Some implementations of hashes (such as in the original awk language, from where Larry borrowed the idea) slow down as the hashes get larger. This is not the case in Perlit has a good, efficient, scalable algorithm.^[*] So, if a hash has only three key/value pairs, it's quick to "reach into the barrel" and pull out any one of those. If the hash has 3 million key/value pairs, it should be about as quick to pull out any one of those. A big hash is nothing to fear.

^[*] Technically, Perl rebuilds the hash table as needed for larger hashes. The term "hashes" comes from the fact that a hash table is used for implementing them.

Keys are unique, though the values can be duplicated. The values of a hash may be all numbers, strings, undef values, or a mixture,^[] but the keys are arbitrary, unique strings.

] Or, in fact, any scalar values, including scalar types other than the ones well see in this book.

6.1.1. Why Use a Hash?

When you first hear about hashes, especially if you've lived a long and productive life as a programmer using languages that don't have hashes, you may wonder why anyone would want one of these strange beasts. Well, the general idea is that you'll have one set of data "related to" another set of data. For example, here are some hashes you might find in typical applications of Perl:

Given name, family name

The given name (first name) is the key, and the family name is the value. This requires unique given names; if two people were named randal, this wouldn't work. With this hash, you can look up anyone's given name, and find the corresponding family name. If you use the key tom, you get the value phoenix.

Hostname, IP address

You may know that each computer on the Internet has a hostname (such as www.stonehenge.com) and an IP address number (such as 123.45.67.89) because machines like working with the numbers, but we humans have an easier time remembering the names. The hostnames are unique strings, so they can be used to make this hash. With this hash, you could look up a hostname and find the corresponding IP address.

IP address, hostname

Or you could go in the opposite direction. We generally think of the IP address as a number, but it's also a unique string, so it's suitable for use as a hash key. In this hash, we can use the IP address to look up the corresponding hostname. This is not the same hash as the previous example: hashes are a one-way street, running from key to value; there's no way to look up a value in a hash and find the corresponding key. So, these two are a pair of hashes, one for storing IP addresses, one for hostnames. It's easy enough to create one of these given the other, though, as we'll see below.

Word, count of number of times that word appears

This is a common use of a hash. It's so common, in fact, that it just might turn up in the exercises at the end of the chapter.

The idea here is that you want to know how often each word appears in a given document. Perhaps you're building an index to a number of documents, so when a user searches for fred, you'll know that a certain document mentions fred five times, another mentions fred seven times, and another doesn't mention fred at all. The index shows which documents the user is likely to want. As the index-making program reads through a given document, each time it sees a mention of fred, it adds one to the value filed under the key of fred. That is, if we had seen fred twice already in this document, the value would be 2, but now we'll increment it to 3. If we had never seen fred before, we'd change the value from undef (the implicit, default value) to 1.

Username, number of disk blocks they are using [wasting]

System administrators like this one.
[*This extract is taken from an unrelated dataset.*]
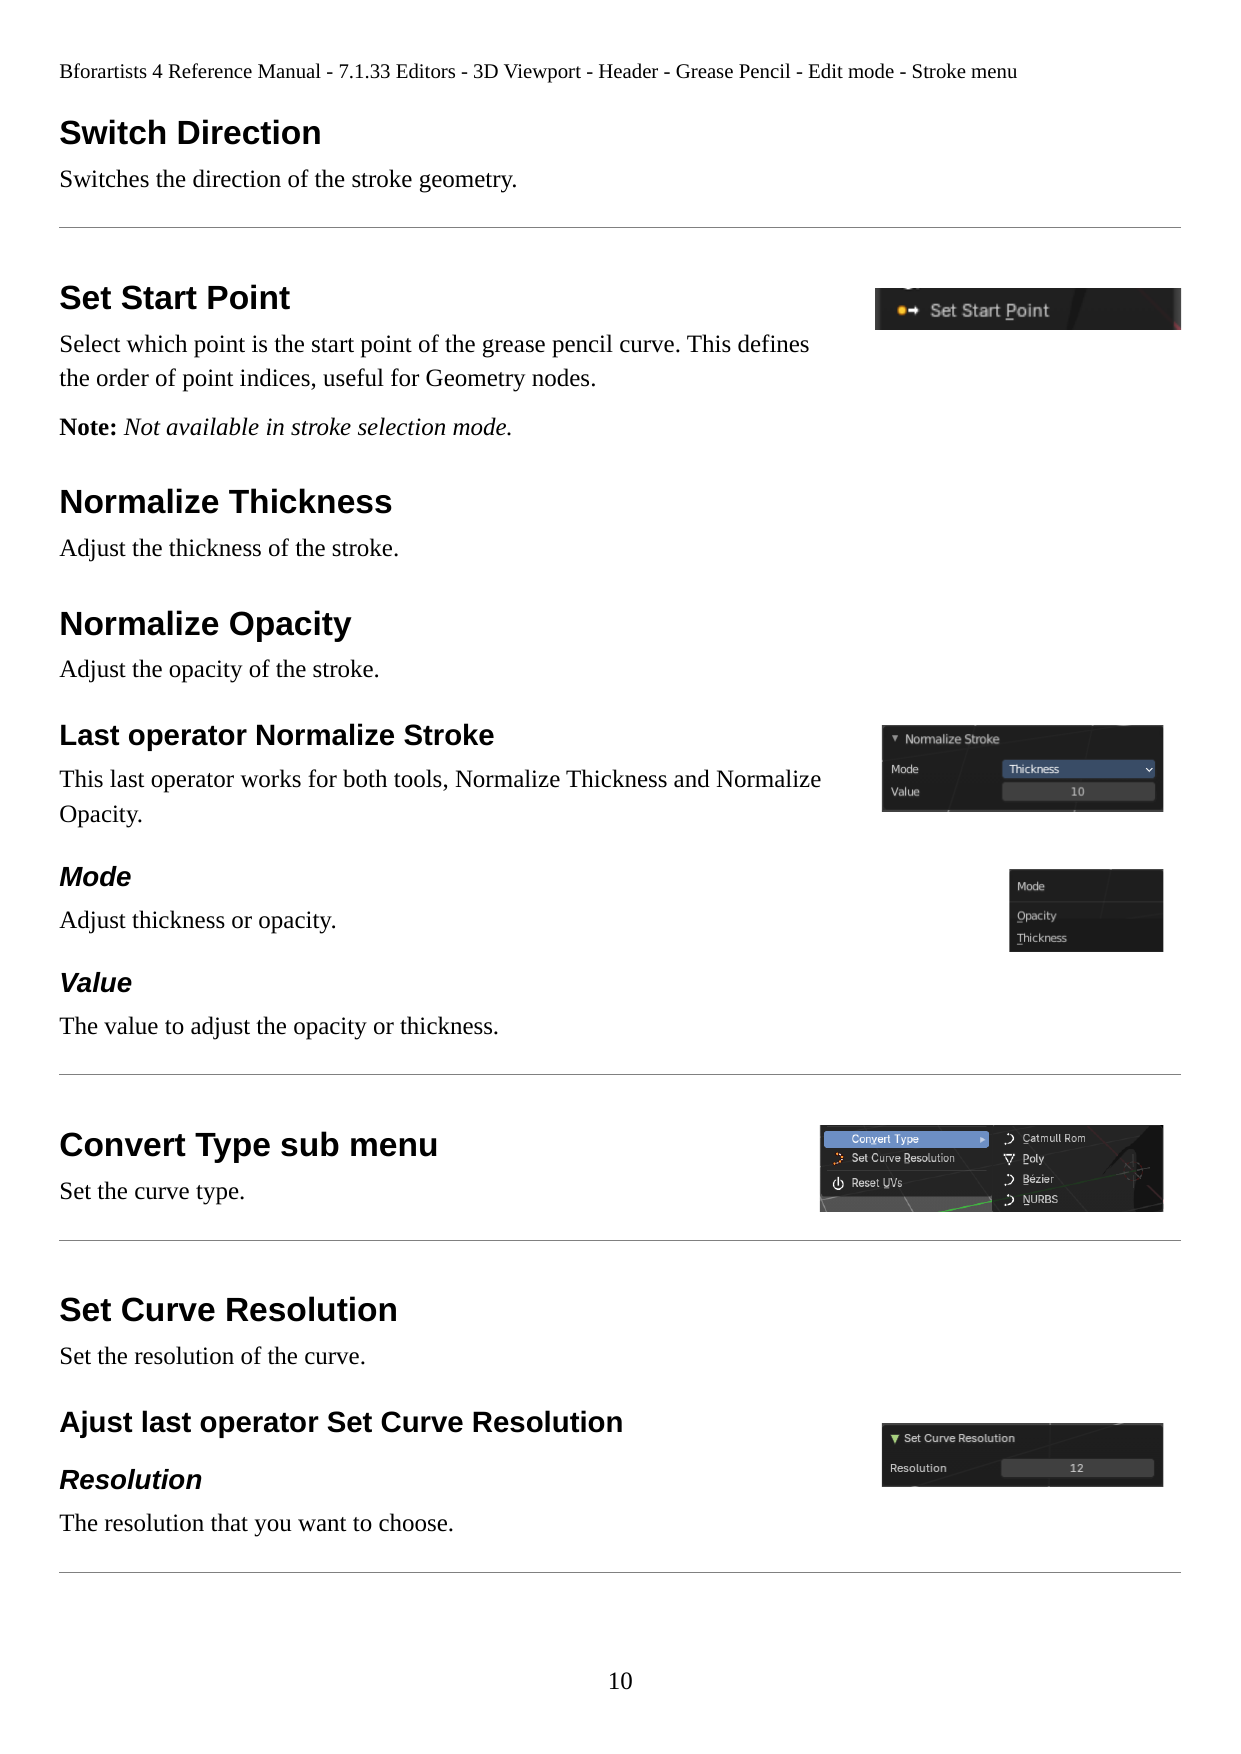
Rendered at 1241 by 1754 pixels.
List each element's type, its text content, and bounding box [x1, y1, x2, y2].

The usernames on a given system are unique strings, so they can be used as keys in a hash to look up information about that user.
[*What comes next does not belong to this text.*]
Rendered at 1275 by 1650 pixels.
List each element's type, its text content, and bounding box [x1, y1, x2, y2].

Driver's license number, name

There may be many people named John Smith, but we hope each one has a different driver's license number. That number makes for a unique key, and the person's name is the value.

Another way to think of a hash is as a simple database, in which one piece of data may be filed under each key. If your task description includes phrases like "finding duplicates," "unique," "cross-reference," or "lookup table," it's likely that a hash will be useful in the implementation.